Le traité vise également à promouvoir une politique de sécurité, au travers de la création d’une unité opérationnelle franco-italienne, afin de mieux coordonner les actions contre les réseaux d’immigration clandestine, la criminalité, la corruption et la fraude. Je rappelle combien l’Italie, sur le plan de l’immigration, a souvent été abandonnée à elle-même : nous devons accompagner ses efforts.

Une politique agricole privilégiera et protégera la qualité des produits, les appellations d’origine protégée (AOP) ou les indications géographiques protégées (IGP).

Un service civil commun pour les jeunes sera instauré.

De plus, les ministres des deux pays seront invités aux conseils des ministres de chaque côté des Alpes, sur le modèle du traité d’Aix-la-Chapelle.

Le traité comporte également un volet parlementaire, en reconnaissant l’importance de la coopération entre nos parlements respectifs – je vous remercie, madame la secrétaire d’État, monsieur le rapporteur, de l’avoir souligné dans vos propos liminaires.

Le 25 septembre dernier, les Italiens ont choisi de placer à la tête de leur pays Mme Giorgia Meloni. Cette dernière avait déclaré à propos du traité du Quirinal que cet accord n’était pas démocratique, car le Parlement italien n’avait pas été consulté, et qu’il servait d’abord les intérêts français. Elle avait même dénoncé un « impérialisme français ». De même, lors de l’examen de la ratification au Sénat italien, le parti Fratelli d’Italia et ses alliés ont voté contre la ratification ou se sont abstenus.

Nous considérerons qu’il ne s’agissait que de péripéties de campagne, même si elles étaient préoccupantes.

Si la position initiale de Giorgia Meloni peut faire naître des doutes sur l’application du traité, des signes encourageants ont été donnés depuis lors. Ainsi, hier, lors de sa déclaration de politique générale, la présidente du Conseil italien a rappelé, à dessein, que l’Italie faisait pleinement partie de l’Europe et qu’elle souhaitait une intégration européenne plus efficace.

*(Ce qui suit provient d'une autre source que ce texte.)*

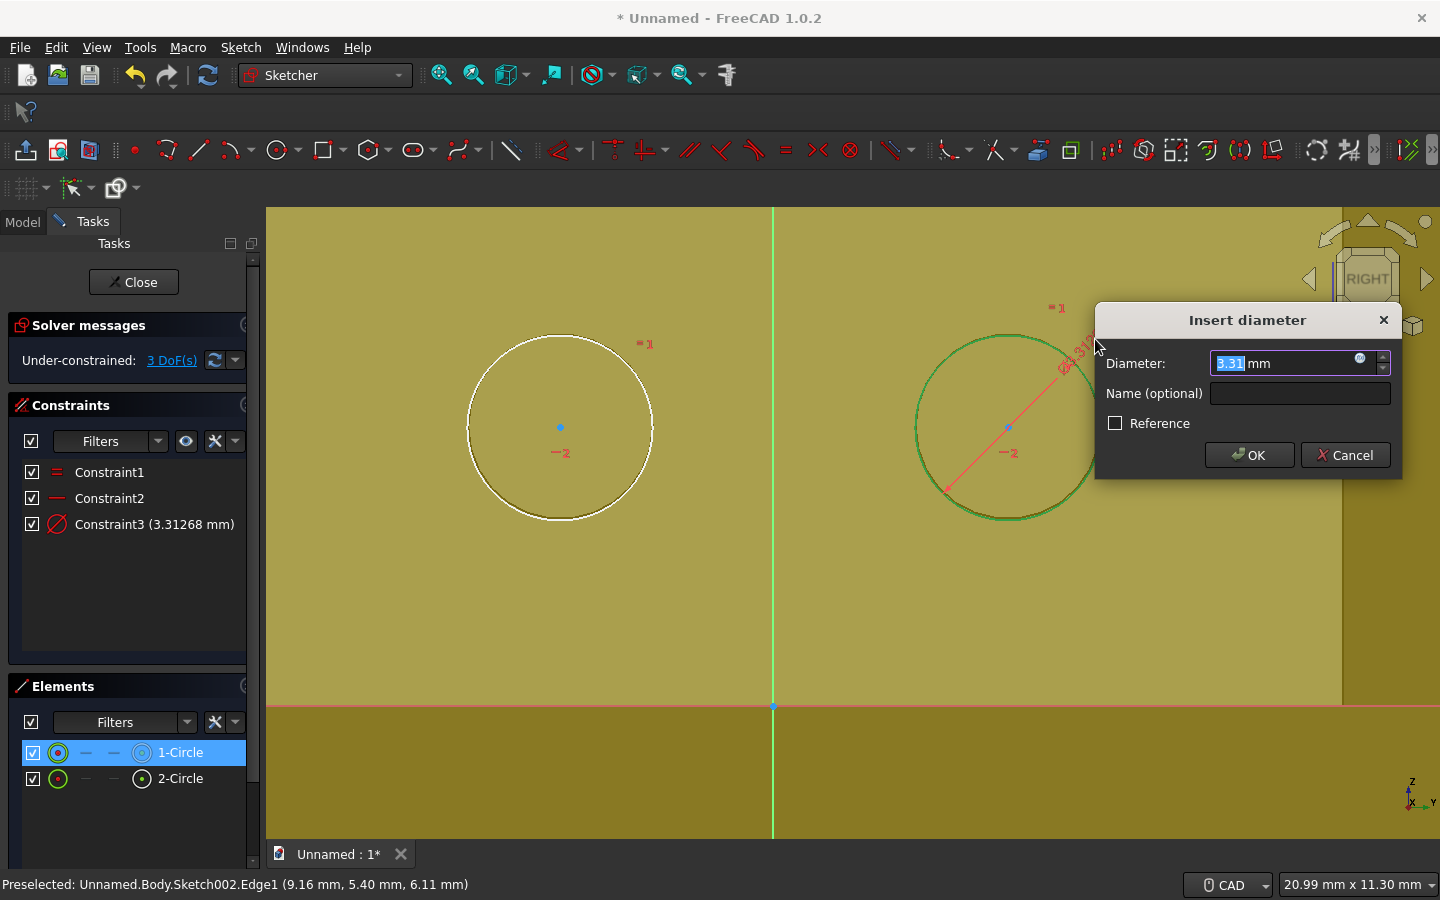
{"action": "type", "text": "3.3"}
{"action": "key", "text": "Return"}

Madame la secrétaire d’État, le Président de la République a rencontré Mme Meloni lors de son déplacement en Italie le week-end dernier – je considère que c’est une bonne chose. Le sujet européen a-t-il bien été évoqué lors de leurs échanges ? La mise en œuvre du traité est-elle bien à l’ordre du jour des agendas politiques respectifs ? Peut-être pourrez-vous nous éclairer sur cet aspect des choses. Vous l’avez compris, le groupe Union Centriste appelle de ses vœux toute action en ce sens.

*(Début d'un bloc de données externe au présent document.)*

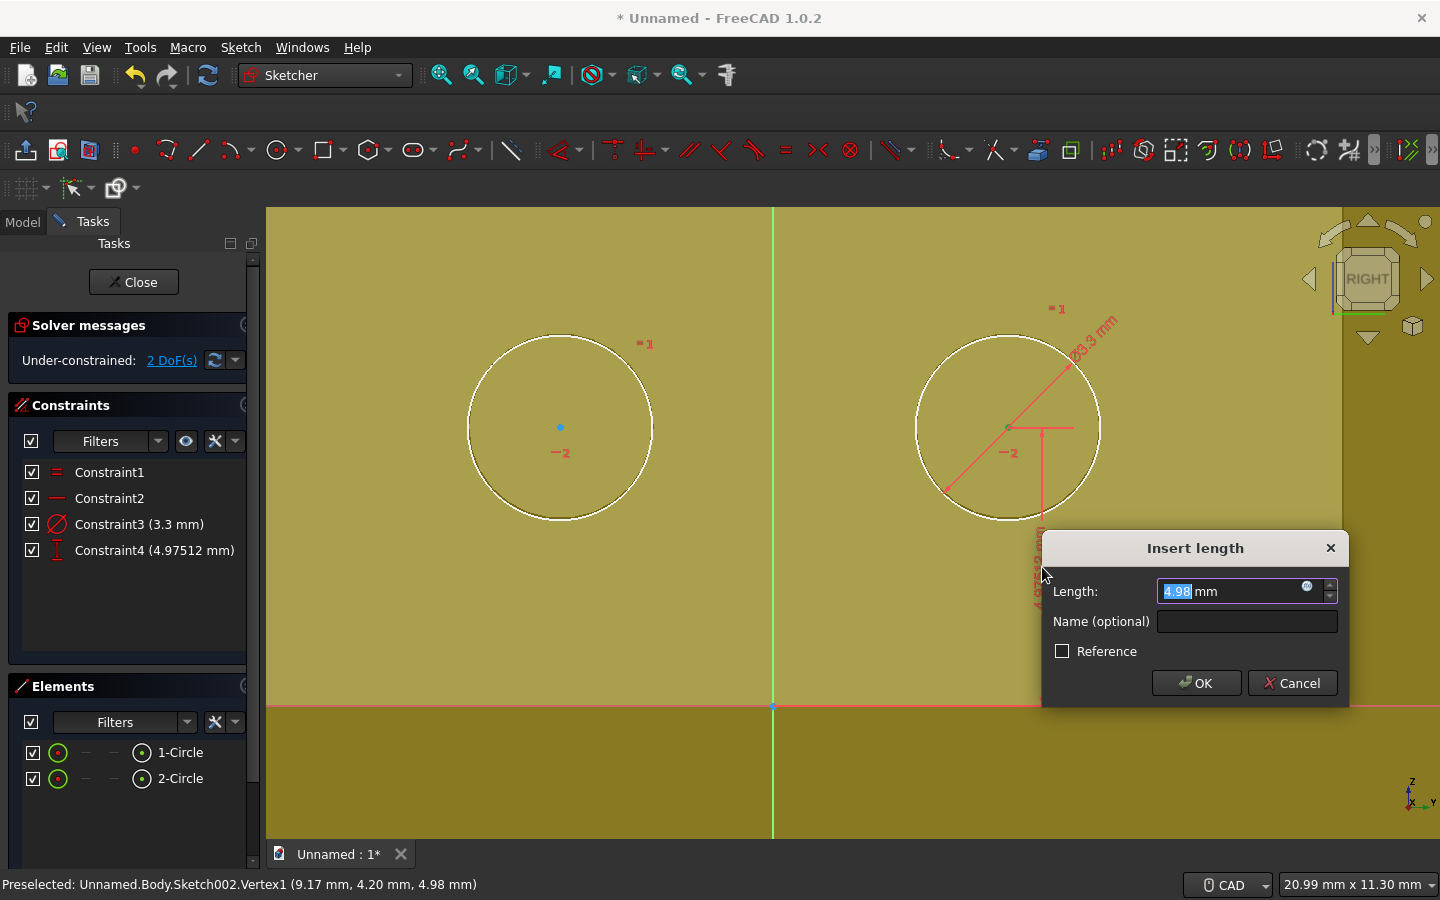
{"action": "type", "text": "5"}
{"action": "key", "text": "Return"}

À l’heure où les équilibres mondiaux sont bouleversés et où la guerre a fait son retour sur le sol européen, il est plus que nécessaire de sceller durablement entre la France et l’Italie une coopération historique porteuse d’ambitions communes.

L’impulsion décisive du gouvernement de M. Draghi et le précieux concours du président Mattarella ont abouti au traité du Quirinal. Il ne doit pas être entravé, pour le bien de l’Union européenne auquel nos deux pays travaillent depuis longtemps.

Madame la secrétaire d’État, mes chers collègues, le groupe Union Centriste votera en faveur de la ratification du traité de coopération entre la France et l’Italie.